In the new states, as material progress declines, the bourgeoisie is often forced to hide behind a popular, charismatic leader, who urges his subjects on to greater effort for a smaller reward. Moreover, the bourgeoisie allows the national party to disintegrate; useful in organizing mass participation in the struggle for independence, it is no longer needed in peacetime. Thus, the new parties become part of the machinery for controlling the people.

Fanon is at his best when describing middle-class structures within the Third World.

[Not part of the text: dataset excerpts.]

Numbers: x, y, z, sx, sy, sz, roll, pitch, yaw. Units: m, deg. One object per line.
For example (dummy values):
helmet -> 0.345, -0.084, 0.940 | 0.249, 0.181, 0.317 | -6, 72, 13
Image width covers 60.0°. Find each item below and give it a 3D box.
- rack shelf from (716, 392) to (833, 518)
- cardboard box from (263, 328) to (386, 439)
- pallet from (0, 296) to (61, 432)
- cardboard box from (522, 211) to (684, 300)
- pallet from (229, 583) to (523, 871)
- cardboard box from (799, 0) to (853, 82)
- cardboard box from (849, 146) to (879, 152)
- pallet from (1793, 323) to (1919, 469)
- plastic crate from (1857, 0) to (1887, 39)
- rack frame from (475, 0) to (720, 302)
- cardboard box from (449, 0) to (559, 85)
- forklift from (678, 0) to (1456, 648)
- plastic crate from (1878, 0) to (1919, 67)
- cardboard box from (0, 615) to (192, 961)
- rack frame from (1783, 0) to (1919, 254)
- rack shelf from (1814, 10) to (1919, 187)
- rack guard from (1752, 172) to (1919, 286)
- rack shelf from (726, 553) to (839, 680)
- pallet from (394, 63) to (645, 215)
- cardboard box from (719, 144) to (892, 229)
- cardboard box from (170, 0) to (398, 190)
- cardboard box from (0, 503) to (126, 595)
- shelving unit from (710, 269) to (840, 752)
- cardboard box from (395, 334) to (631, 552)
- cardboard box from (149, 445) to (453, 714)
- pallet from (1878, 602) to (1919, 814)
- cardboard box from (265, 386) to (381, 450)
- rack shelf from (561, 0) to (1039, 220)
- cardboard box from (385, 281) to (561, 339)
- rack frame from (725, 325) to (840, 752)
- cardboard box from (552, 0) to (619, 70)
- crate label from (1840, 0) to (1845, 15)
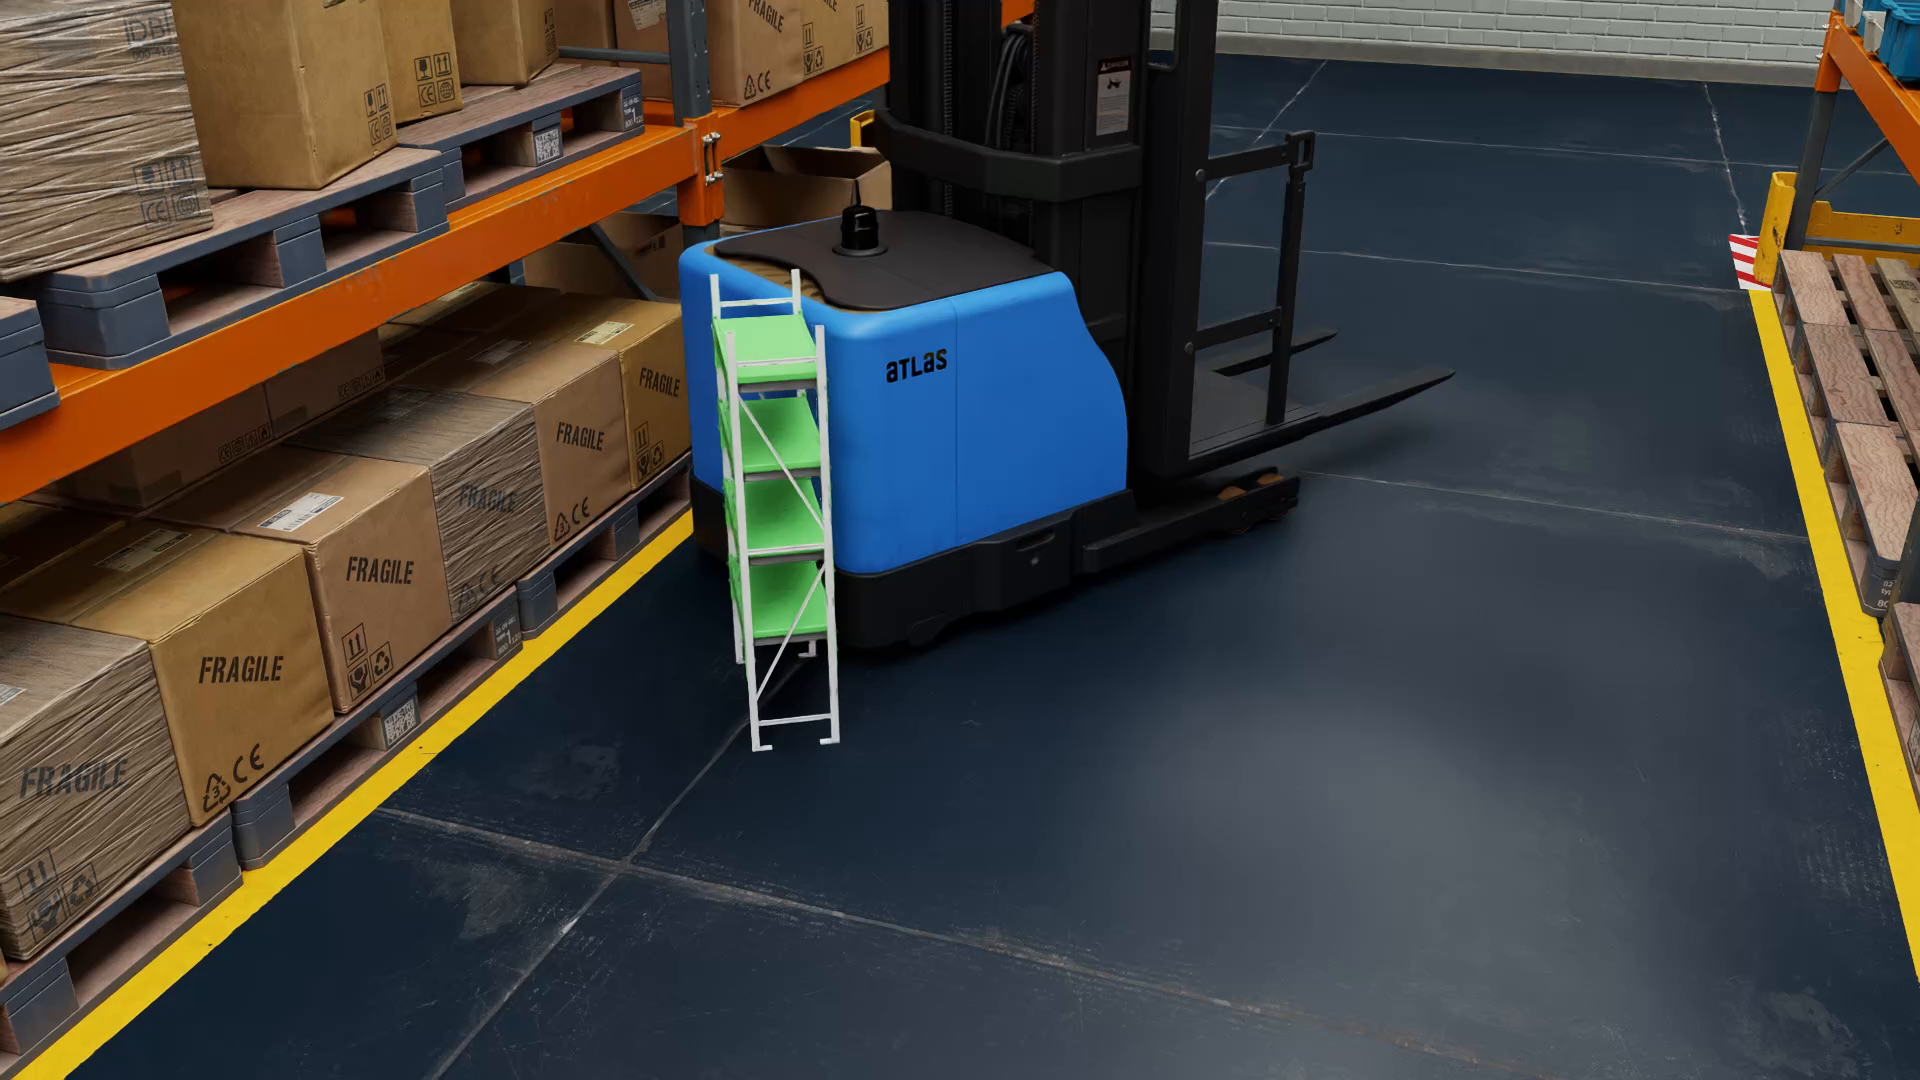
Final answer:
rack shelf -> -0.503, -0.236, 4.457 | 0.258, 0.148, 0.480 | -5, 26, -11
cardboard box -> -2.075, -0.532, 4.909 | 0.500, 0.250, 0.500 | 9, 27, 18
pallet -> -2.524, -0.254, 3.053 | 1.213, 0.211, 1.003 | 9, 27, 17
cardboard box -> -1.430, -1.044, 6.827 | 0.500, 0.500, 0.500 | 9, 27, 17
pallet -> -1.991, 0.402, 4.677 | 1.003, 0.211, 1.213 | 9, 27, 17
cardboard box -> -0.758, -2.121, 6.574 | 0.500, 0.500, 0.500 | 9, 27, 18
cardboard box -> -0.484, -2.132, 9.478 | 0.380, 0.149, 0.250 | 9, 27, 17
pallet -> 3.930, -0.531, 6.605 | 1.003, 0.211, 1.213 | 9, 27, 17
plastic crate -> 4.037, -2.247, 7.072 | 0.416, 0.233, 0.300 | 9, 27, 17
rack frame -> -1.352, -1.696, 5.810 | 1.000, 3.000, 0.127 | 9, 27, 17
cardboard box -> -1.720, -1.767, 5.361 | 0.700, 0.500, 0.500 | 0, 26, 0
forklift -> 0.579, -1.500, 5.484 | 3.031, 2.935, 1.130 | -19, 32, -34
plastic crate -> 3.818, -1.976, 6.513 | 0.416, 0.233, 0.300 | 9, 27, 17
cardboard box -> -2.093, 0.514, 3.610 | 0.500, 0.500, 0.500 | 8, 27, 16
rack frame -> 4.649, -2.619, 7.718 | 1.000, 3.000, 0.127 | 9, 27, 17
rack shelf -> 3.983, -1.474, 6.177 | 1.077, 0.370, 4.000 | 9, 27, 17
rack guard -> 4.645, -1.506, 8.287 | 1.175, 0.500, 0.348 | 9, 27, 17
rack shelf -> -0.503, 0.196, 4.667 | 0.258, 0.148, 0.480 | -5, 26, -11
pallet -> -1.721, -1.297, 5.206 | 1.003, 0.211, 1.213 | 9, 27, 17
cardboard box -> -0.732, -1.543, 7.854 | 0.797, 0.503, 0.637 | 9, 27, 17
cardboard box -> -1.882, -1.195, 4.178 | 0.700, 0.500, 0.500 | 2, 26, 4
cardboard box -> -2.421, 0.244, 4.167 | 0.500, 0.500, 0.500 | 8, 27, 16
shelving unit -> -0.503, -0.078, 4.534 | 0.258, 1.200, 0.503 | -5, 26, -11
cardboard box -> -1.418, -0.322, 5.337 | 0.500, 0.500, 0.500 | 9, 27, 18
cardboard box -> -1.753, 0.093, 4.479 | 0.500, 0.500, 0.500 | 8, 27, 16
pallet -> 3.022, 0.590, 4.288 | 1.003, 0.211, 1.213 | 9, 27, 17
cardboard box -> -2.083, -0.180, 5.043 | 0.500, 0.500, 0.500 | 9, 27, 18
rack shelf -> -0.686, -2.194, 7.664 | 1.077, 0.370, 4.000 | 9, 27, 17
cardboard box -> -1.743, -0.605, 5.921 | 0.500, 0.500, 0.500 | 8, 27, 15
rack frame -> -0.452, 0.026, 4.319 | 0.240, 1.200, 0.015 | -5, 26, -11
cardboard box -> -1.428, -1.983, 6.289 | 0.500, 0.500, 0.500 | 9, 27, 18
crate label -> 4.256, -2.517, 7.630 | 0.416, 0.233, 0.303 | 9, 27, 17

Nevertheless, his theories weaken when they approach specific methods for destroying the structure, for destroying the dictatorship of the middle class. Believing that the hope for a better future lies in the country, Fanon describes the possibilities for rebuilding more radical national parties based in rural areas. Decentralization would rejuvenate the countryside and “deconsecrate” the capital, hopelessly corrupted by European rule and thought.